(Material to process Opens)

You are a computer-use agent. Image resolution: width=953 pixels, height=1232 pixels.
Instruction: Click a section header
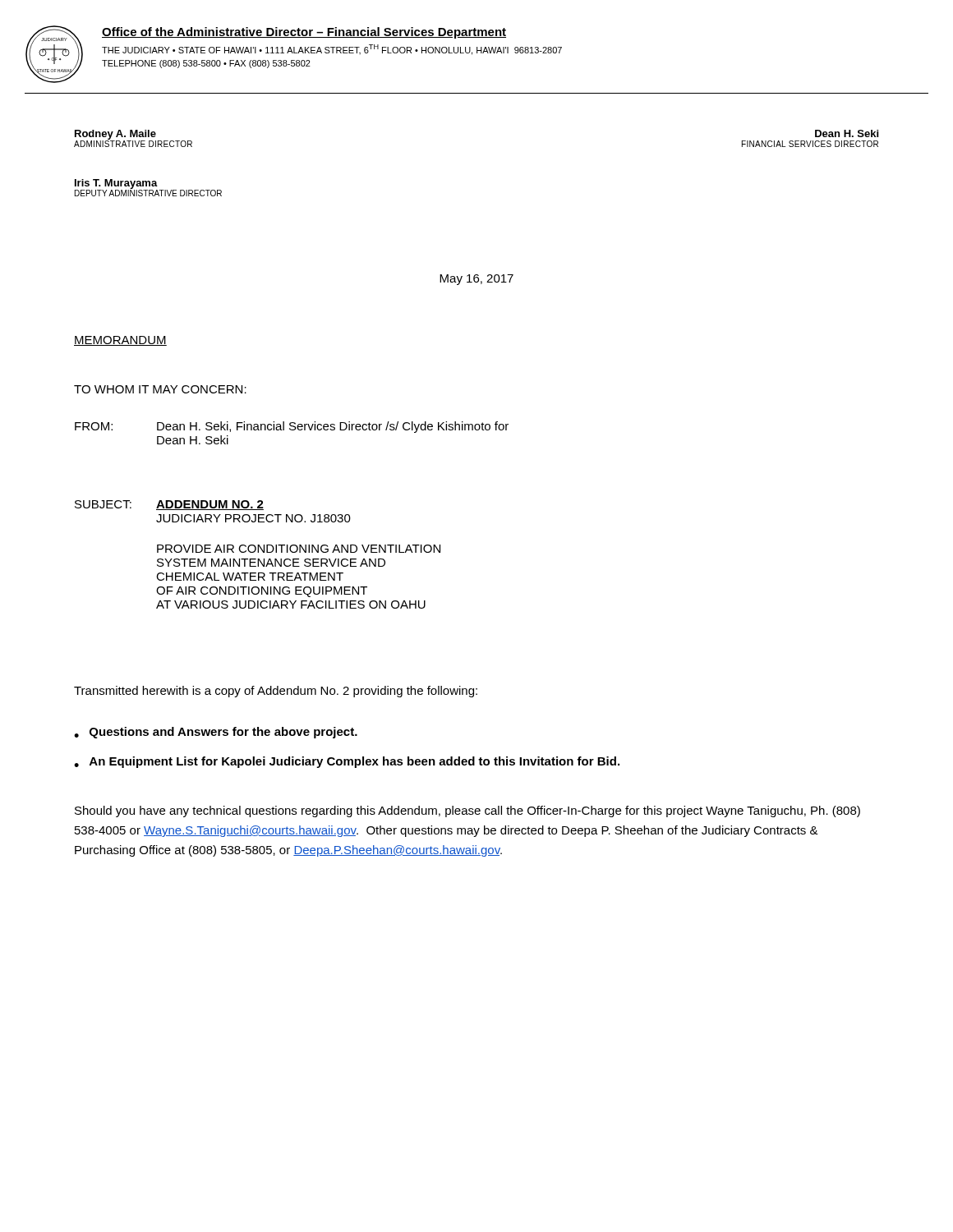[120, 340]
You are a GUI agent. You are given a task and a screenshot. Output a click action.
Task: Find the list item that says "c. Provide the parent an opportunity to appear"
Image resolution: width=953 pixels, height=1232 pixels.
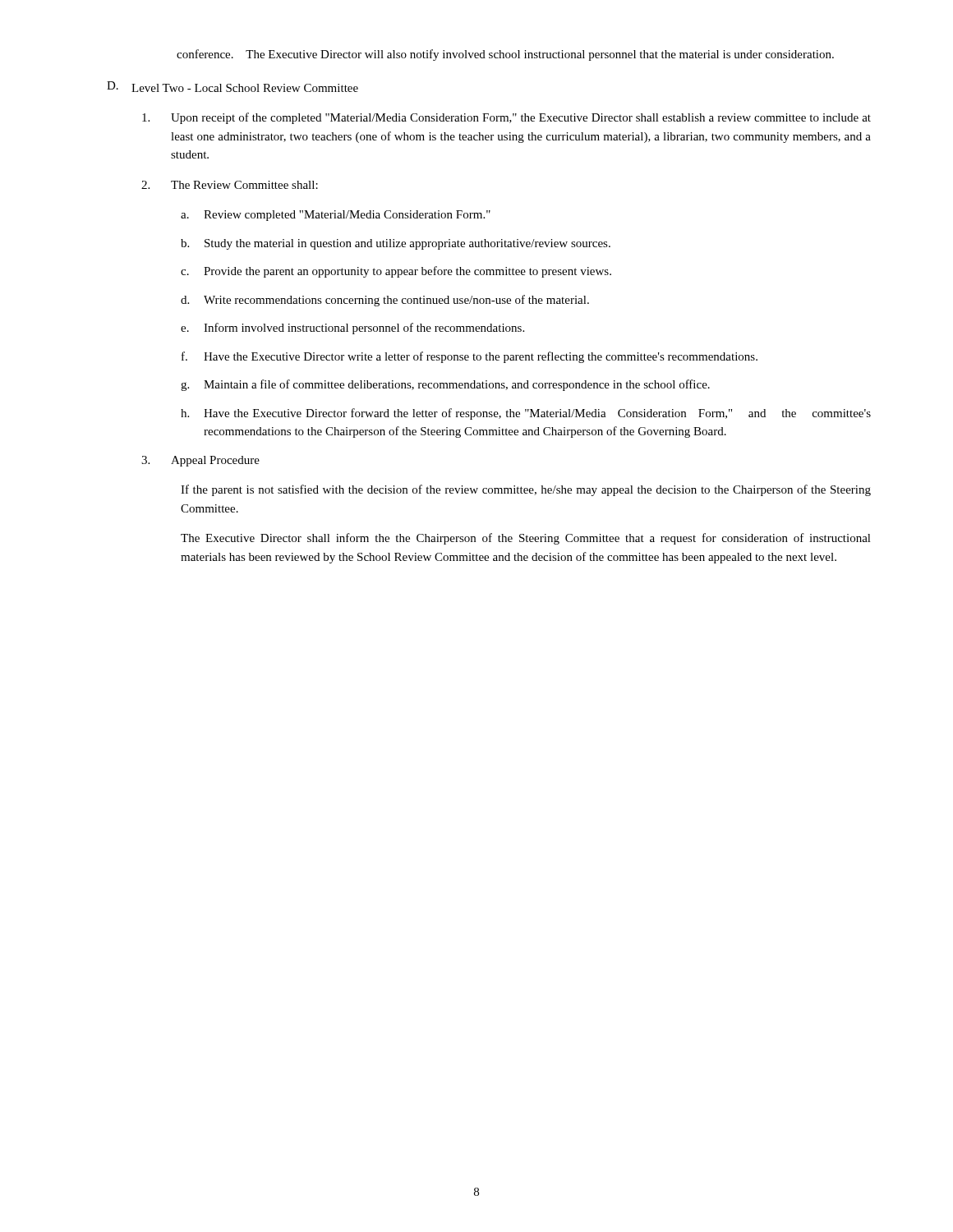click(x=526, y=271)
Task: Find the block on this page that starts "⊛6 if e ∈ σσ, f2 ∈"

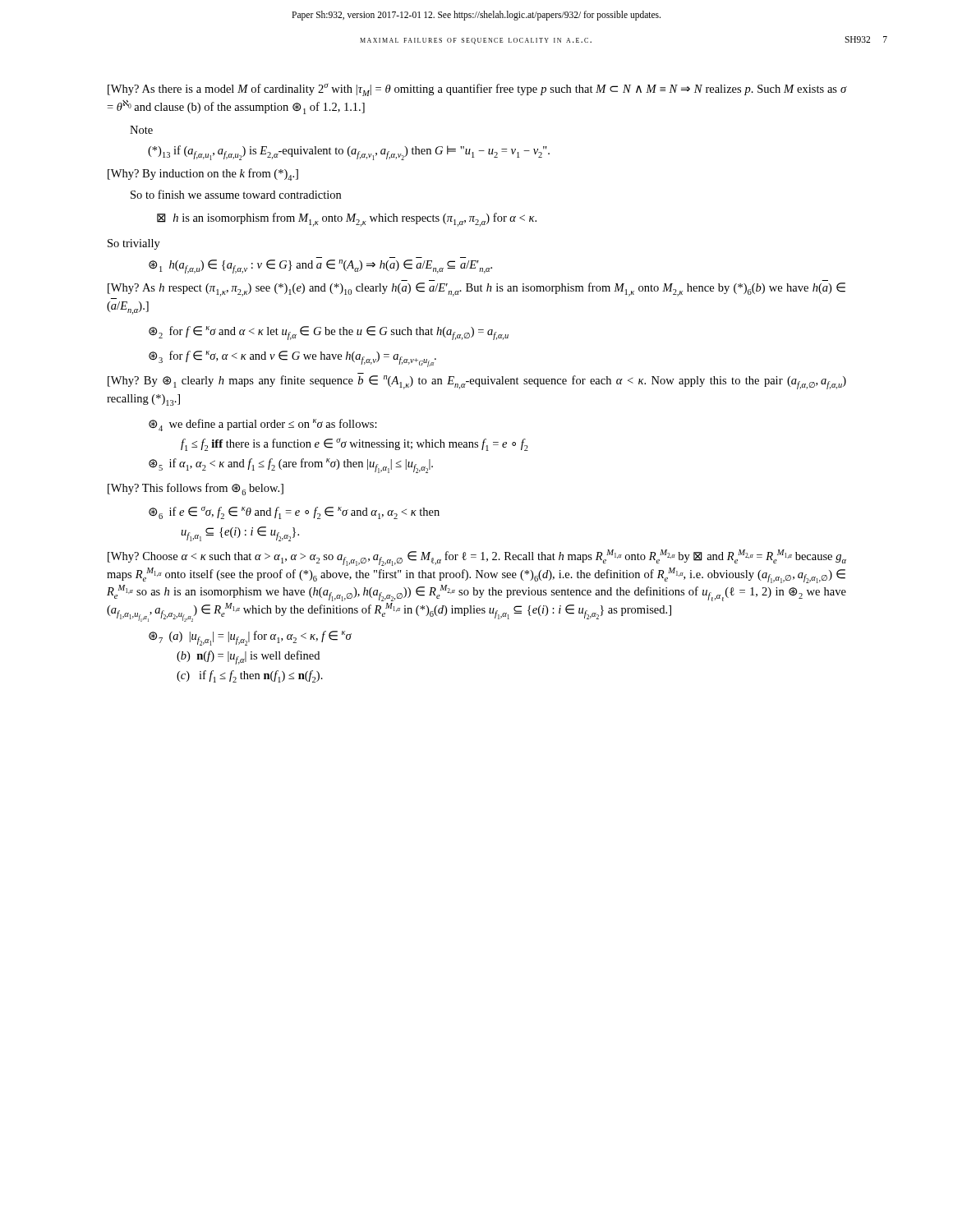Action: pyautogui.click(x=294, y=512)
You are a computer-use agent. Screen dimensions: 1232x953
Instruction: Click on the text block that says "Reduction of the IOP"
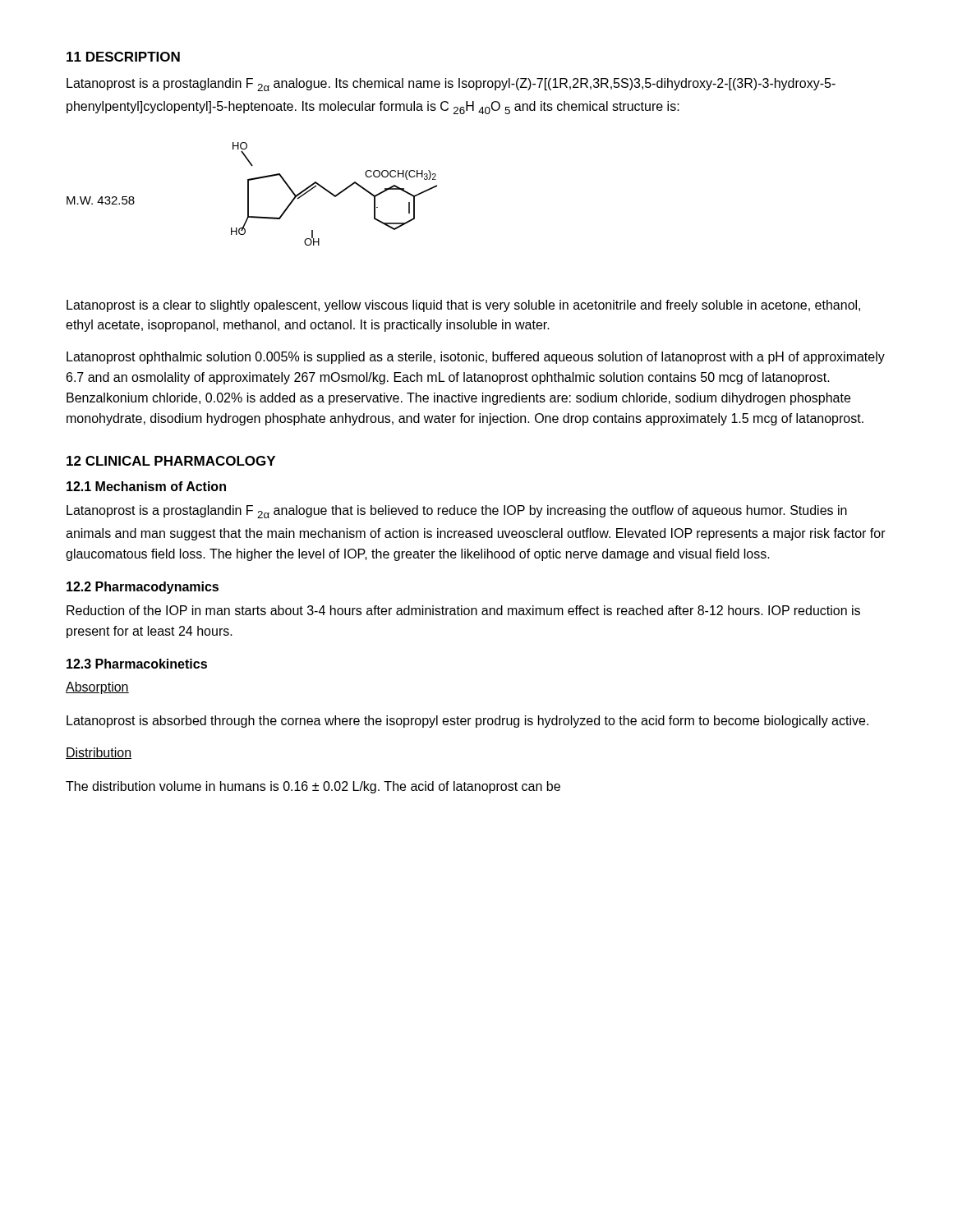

(Material to process Closes)

[Task] Reproduce the data above word for word and omit the images.

[Reply to the task]
You are a computer-use agent. Image resolution: width=953 pixels, height=1232 pixels.
Instruction: Click a section header
[120, 340]
You are a GUI agent. You are given a task and a screenshot. Output a click action.
Task: Find the list item that says "c. Provide the parent an opportunity to appear"
Image resolution: width=953 pixels, height=1232 pixels.
click(x=526, y=271)
Task: Find the block on this page that starts "⊛6 if e ∈ σσ, f2 ∈"

Action: pyautogui.click(x=294, y=512)
You are a computer-use agent. Screen dimensions: 1232x953
Instruction: Click on the text block that says "Reduction of the IOP"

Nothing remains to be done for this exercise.